We’ve got to talk…
Ouch! This is the most hostile phrase you don’t want to hear from your employer or your spouse which can raise your BP to critical level especially if the tone with which it is said does not sound too friendly. Those two bosses don’t invite you in for fun talk or jokes. When, especially, a spouse would say, “we’ve got to talk”, you start feeling a headache that wasn’t due yet until next year. In a split of a second, your mind reviews every possible thing you may have done or said wrong. And if you don’t calm down, you may even confess about something that is far from being the topic they want to discuss with you. Even when you know you are clean and clear like a summer sky, you still would like to dishonor this hostile invitation. Right away, you may start by asking when, what about, what the matter is. Now you may find yourself anxious to hear out the issue. If the talk appointment is postponed to another time, you keep asking yourself what the hell is he/she has to talk about. Until the time comes for that dialogue to take place, you make sure you are doing or saying everything precise and decent.

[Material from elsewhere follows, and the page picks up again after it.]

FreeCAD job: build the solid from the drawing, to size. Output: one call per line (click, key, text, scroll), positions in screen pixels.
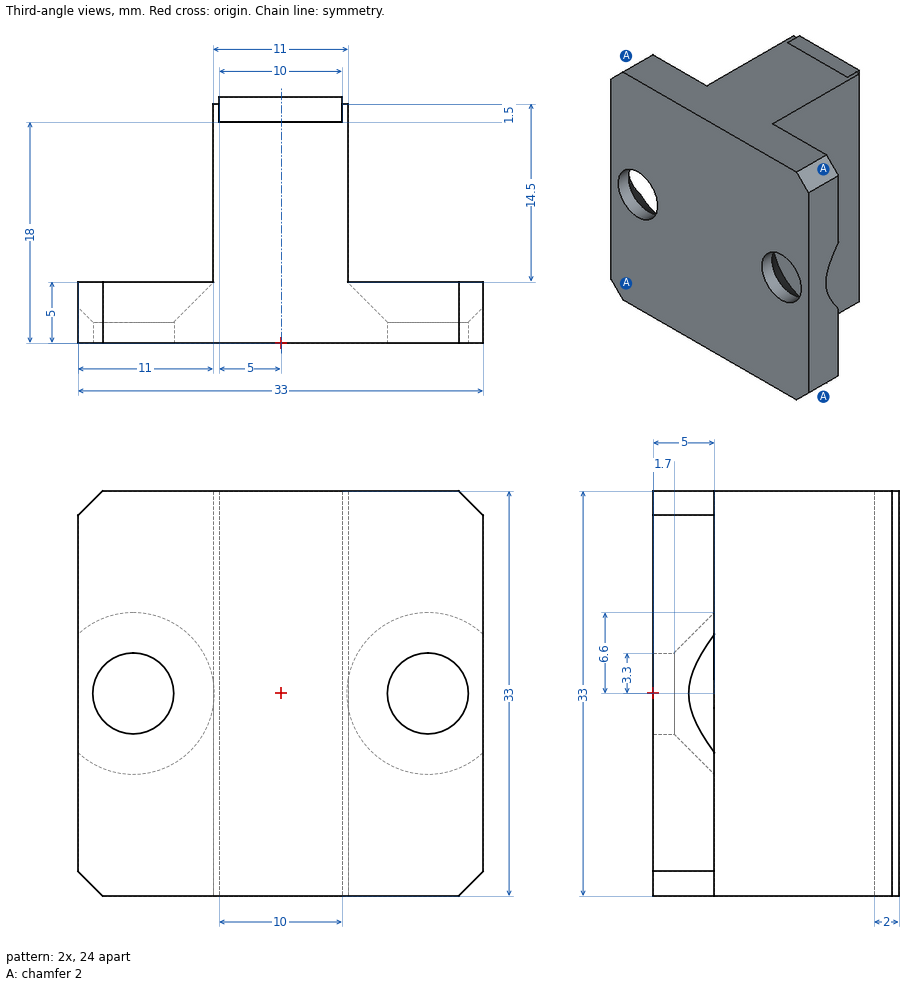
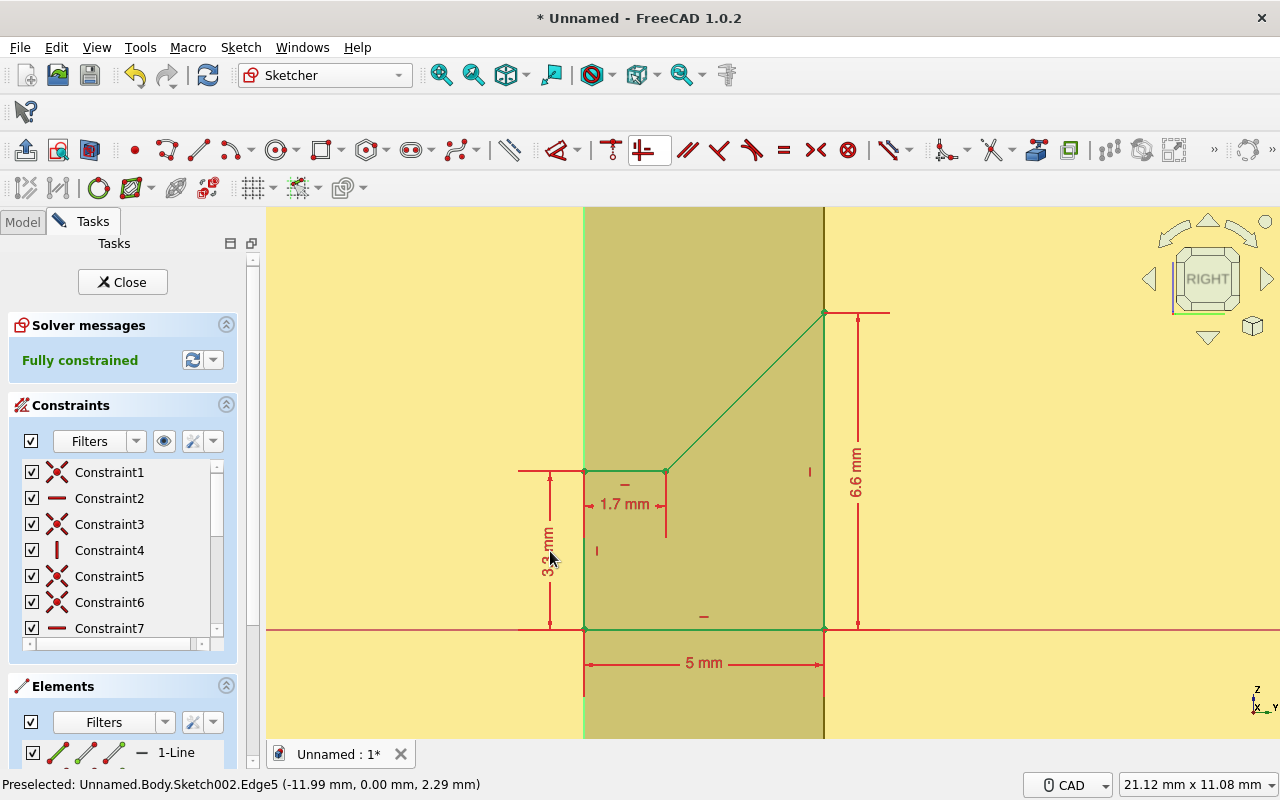
click(123, 282)

If you had a side affair date set with someone, you may want to postpone that date until after the talk you have to have with your boss (spouse) is undergone. You are like a goalkeeper praying that the player kick the ball in the direction you are planning to cover. And as the time is approaching for the séance to be held, you are monitoring the face expressions and gestures of your prospective interlocutor in an effort to predict if it’s going to be a case where you might or might not need a lawyer. You don’t know which alibi to brew. So get ready to do some critical thinking. In the meantime, you have the right to remain silent, for anything you say can or will be used against you during the course of dialogue.

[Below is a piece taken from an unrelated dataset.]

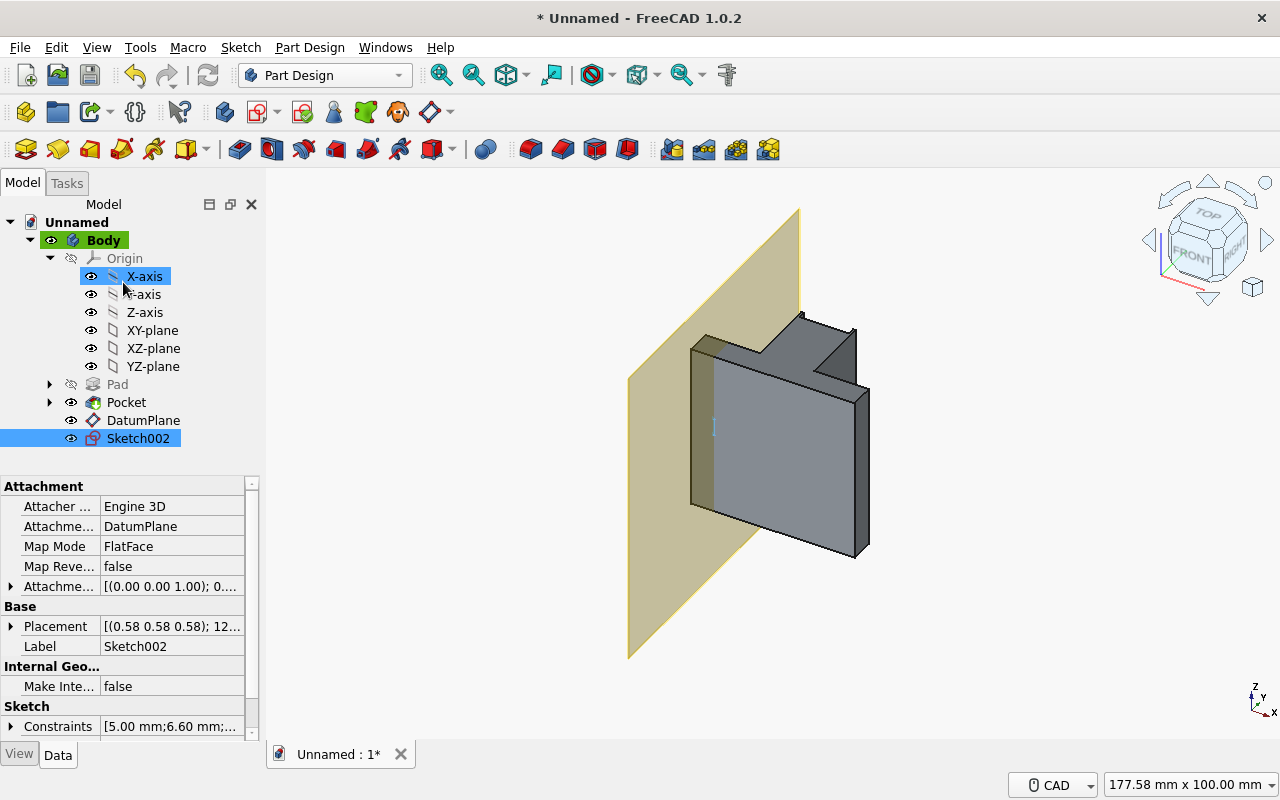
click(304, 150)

Sometimes, when you finally presented yourself for the talk, you were told, “forget it for now, we’ll discuss it another day. At this point you feel like it’s not something very important to worry about after all. Well it might be that they are just compiling more arguments against you. Well, enough is enough, let the chips fall where they may. When your spouse or boss would summon you in for a talk, what usually is their subject? Could it be praise, raise, promotion, or reward? Or could it be complaint, salary cut, demand, demotion, divorce, or termination? Have you ever been improvised with the proposal, “We’ve got to talk…? How did it go? Can you make it fun to hear? We've got to talk fellow viners.